Report how many lines below contain the word "Rectangle", and give only that number.
[INFORMATION GIVEN Boundary: Start]
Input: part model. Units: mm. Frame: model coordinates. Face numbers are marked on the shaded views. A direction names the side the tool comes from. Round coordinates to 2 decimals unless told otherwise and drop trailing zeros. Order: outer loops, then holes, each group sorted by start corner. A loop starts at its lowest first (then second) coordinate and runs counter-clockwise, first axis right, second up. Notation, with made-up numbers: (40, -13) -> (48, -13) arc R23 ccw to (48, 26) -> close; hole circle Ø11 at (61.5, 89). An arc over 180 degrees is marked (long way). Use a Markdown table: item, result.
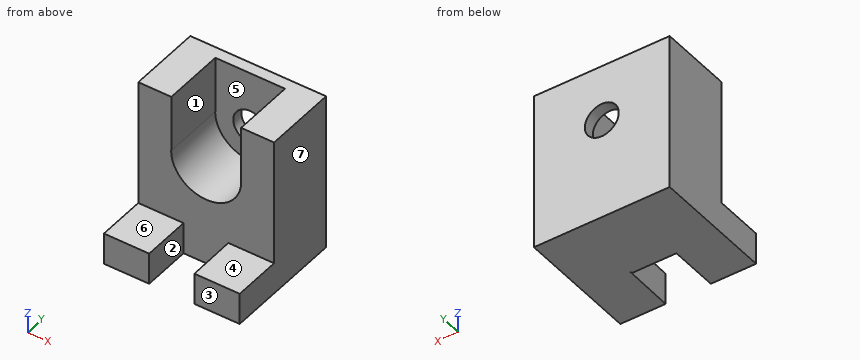
from build123d import *

# Parameters (mm, degrees)
F0_W      = 600
F0_H      = 700
F1_DEPTH  = 540
F2_W      = 600
F2_H      = 560
F3_DEPTH  = 240
F5_DEPTH  = 140.001
F7_DEPTH  = 25
F8_DEPTH  = 250
F9_R      = 75
F10_DEPTH = 50.001


with BuildPart() as f1:
    # F0 (on Front) → F1 (new body)
    with BuildSketch(Plane.XZ):
        Rectangle(F0_W, F0_H)
    extrude(amount=F1_DEPTH)

    # F2 (on face) → F3 (cut)
    with BuildSketch(Plane.XZ.offset(540)):
        with Locations((0, 70)):
            Rectangle(F2_W, F2_H)
    extrude(amount=-F3_DEPTH, mode=Mode.SUBTRACT)

    # F4 (on face) → F5 (cut, through all)
    with BuildSketch(Plane.XY.offset(-210)):
        Polygon((97.4877998233, -300), (-100, -300), (-100, -540), (100, -540), align=None)
    extrude(amount=-F5_DEPTH, mode=Mode.SUBTRACT)

    # F6 (on face) → F7 (join)
    with BuildSketch(Plane.XZ.offset(300)):
        with BuildLine():
            Line((154.0926195456, 100), (155, 100))
            ThreePointArc((155, 100), (0, -55), (-155, 100))
            Line((-155, 100), (-154.0926195456, 100))
            Line((-154.0926195456, 100), (-154.0926195456, 350))
            Line((-154.0926195456, 350), (-300, 350))
            Line((-300, 350), (-300, -210))
            Line((-300, -210), (-100, -210))
            Line((-100, -210), (-100, -350))
            Line((-100, -350), (97.4877998233, -350))
            Line((97.4877998233, -350), (97.4877998233, -210))
            Line((97.4877998233, -210), (300, -210))
            Line((300, -210), (300, 350))
            Line((300, 350), (154.0926195456, 350))
            Line((154.0926195456, 350), (154.0926195456, 100))
        make_face()
    extrude(amount=F7_DEPTH)

    # F8 (cut): faces of the model
    f8_faces = [f1.faces().sort_by_distance(p)[0] for p in [
        (0, -300, 162.2749017605),
        (0, -300, 162.2749017605),
    ]]
    extrude(f8_faces, amount=-F8_DEPTH, mode=Mode.SUBTRACT)

    # F9 (on face) → F10 (cut, through all)
    with BuildSketch(Plane.XZ.offset(50)):
        with Locations((0, 100)):
            Circle(F9_R)
    extrude(amount=-F10_DEPTH, mode=Mode.SUBTRACT)


solid = f1.part
1) Line query: L1, parallel to Z at x = 0, y = -15; L2, parallel to X at y = -96, z = 205; L3, parallel to Y at x = 167, z = 58. Output: solid intervals per line, ascending. Write a range as [from, to].
Results found:
| item | result |
|---|---|
| L1 | z = [-350, 25], [175, 350] |
| L2 | x = [-300, -154.09], [154.09, 300] |
| L3 | y = [-325, 0] |
2) Set-up query: the marked faces 1, 2, 3 and 4. Return all of +Z, -Z, +X, -X, +Y, -Y with unobstructed straight access to the full face (end or side cutting, diameter ignored); none if empty.
Results found:
| item | result |
|---|---|
| face 1 | +Z, -Y |
| face 2 | +Z, -Z, -Y |
| face 3 | +Z, -Z, +X, -X, -Y |
| face 4 | +Z, +X, -X, -Y |
3) Cut plane D-D on y = -443. Return loops of the section in (x, z), and give its area (3 significant figures).
Results found:
| item | result |
|---|---|
| outline | (-300, -350) -> (-100, -350) -> (-100, -210) -> (-300, -210) -> close; (98.98, -350) -> (300, -350) -> (300, -210) -> (98.98, -210) -> close |
| area | 56,100 mm² |
4) Pull-direction query (X, two-part tool) for the marked faces 5, 6 and 7; classes: +X half, -X half, draft (parallel to the pull), parting line (faces both ways), or undercut.
Results found:
| item | result |
|---|---|
| face 5 | undercut |
| face 6 | draft |
| face 7 | +X half |
5) Cut plane A-A on x = 0. Return loops of the section in (y, z), and give its area (3 significant figures).
Results found:
| item | result |
|---|---|
| outline | (-325, -350) -> (0, -350) -> (0, 25) -> (-50, 25) -> (-50, -55) -> (-325, -55) -> close; (-50, 175) -> (0, 175) -> (0, 350) -> (-50, 350) -> close |
| area | 109,000 mm² |
6) Cut plane C-C on y = -263. Return loops of the section in (x, z).
Results found:
| item | result |
|---|---|
| outline | (-300, -350) -> (300, -350) -> (300, 350) -> (154.09, 350) -> (154.09, 100) -> (155, 100) arc R155 cw to (-155, 100) -> (-154.09, 100) -> (-154.09, 350) -> (-300, 350) -> close |
7) Pin query (flat end, axial travel): pin 1 Ø3 at (x, z) = (1.5, -103) entering from +Y; pin 2 Ø6 at (x, z) = (-57.5, -136) entering from -Y; pin 3 Ø2 at (x, y) = (-167.5, -457.5) entering from +Z. Return the tip coordinate at first contact, or that it passes through.
Results found:
| item | result |
|---|---|
| pin 1 | stops at y = 0 |
| pin 2 | stops at y = -325 |
| pin 3 | stops at z = -210 |
8) Cut plane B-B on z = 280. Return loops of the section in (x, y), and give its area (3 significant figures).
Results found:
| item | result |
|---|---|
| outline | (-300, -325) -> (-154.09, -325) -> (-154.09, -50) -> (154.09, -50) -> (154.09, -325) -> (300, -325) -> (300, 0) -> (-300, 0) -> close |
| area | 110,000 mm² |
[INFORMATION GIVEN Boundary: End]
**ANSWER BOX**
2